Conformational analysis of lipid membrane mimetics modified with A42 peptide by Raman spectroscopy and computer simulations

Peptide-lipid interactions play an important role in maintaining the integrity and function of the cell membrane. Even slight changes in these interactions can induce the development of various diseases. Specifically, peptide misfolding and aggregation in the membrane is considered to be one of the triggers of Alzheimer's disease (AD), however its exact mechanism is still unclear. To this end, an increase of amyloid-beta (A beta) peptide concentration in the human brain is widely accepted to gradually produce cytotoxic A beta aggregates (plaques). These plaques initiate a sequence of pathogenic events ending up in observable symptoms of dementia.

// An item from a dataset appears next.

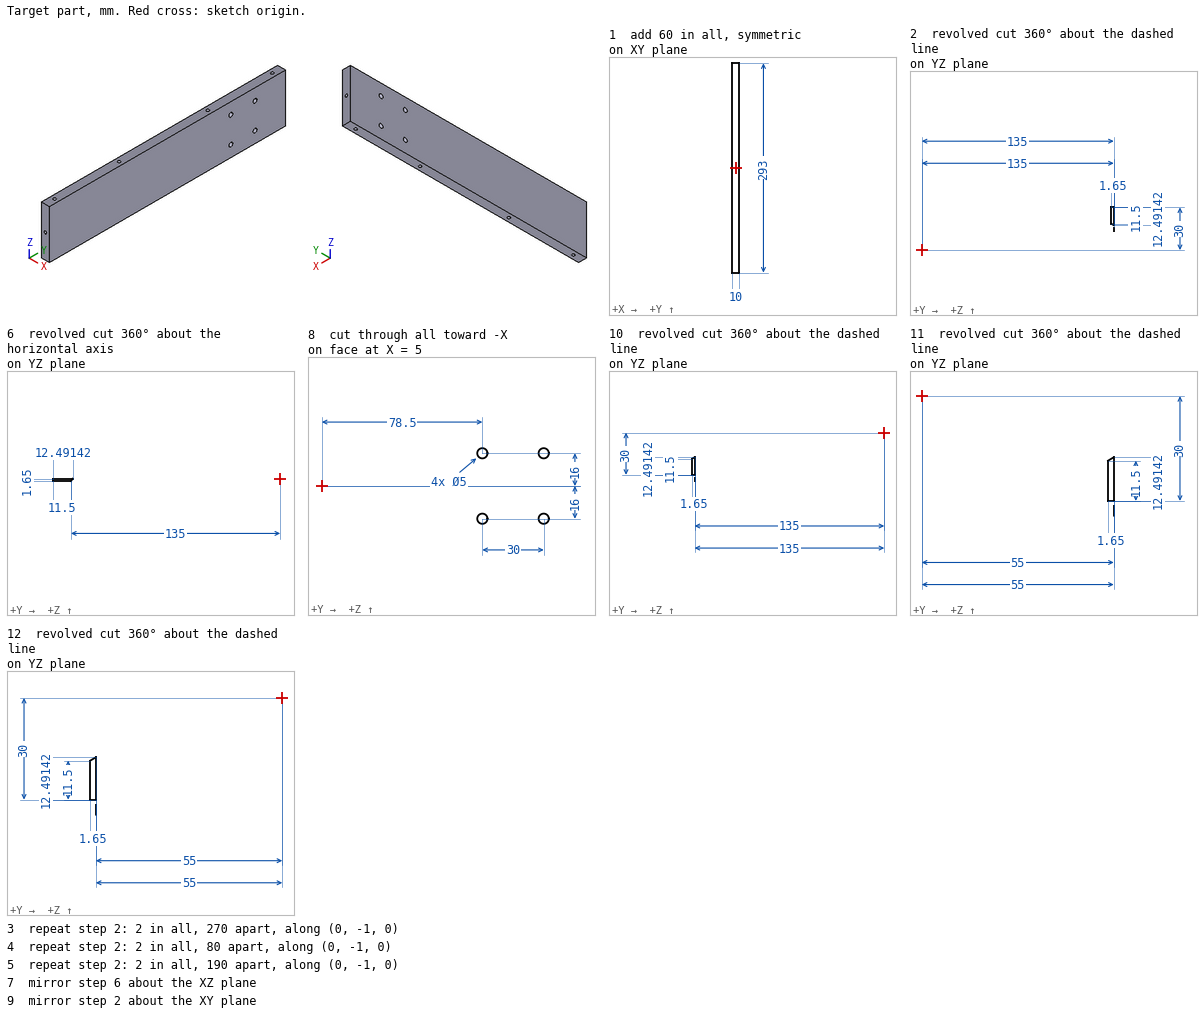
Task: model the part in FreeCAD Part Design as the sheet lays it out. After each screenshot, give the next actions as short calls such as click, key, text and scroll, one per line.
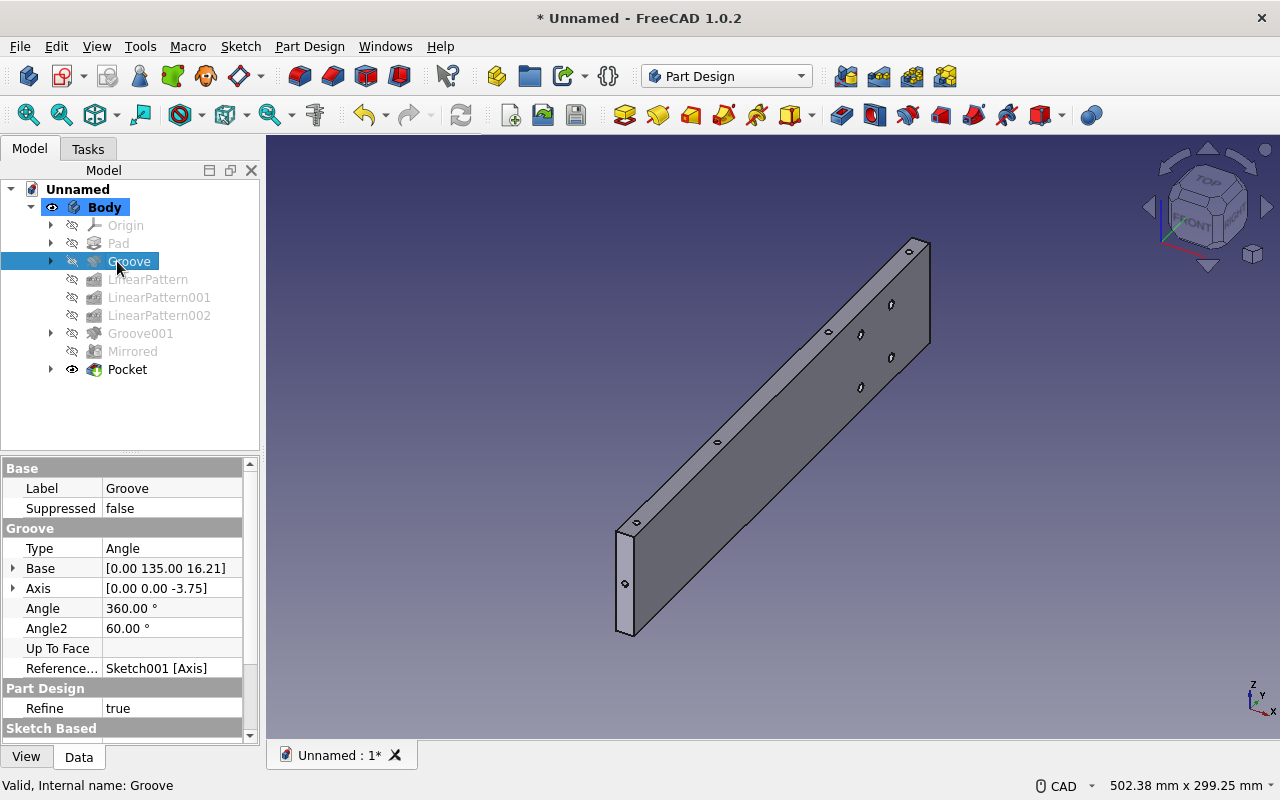
click(846, 76)

Understanding the mechanism of the A beta interaction with cells is crucial for early detection and prevention of Alzheimer's disease. Hence, in this work, a comprehensive Raman analysis of the A beta 42 conformational dynamics in water and in liposomes and lipodiscs that mimic the membrane system is presented. The obtained results show that the secondary structure of A beta 42 in liposomes is dominated by the alpha-helix conformation, which remains stable over time. However, it comes as a surprise to reveal that the lipodisc environment induces the transformation of the A beta 42 secondary structure to a beta-turn/random coil. Our Raman spectroscopy findings are supported with molecular dynamics (MD) and density functional theory (DFT) simulations, showing their good agreement.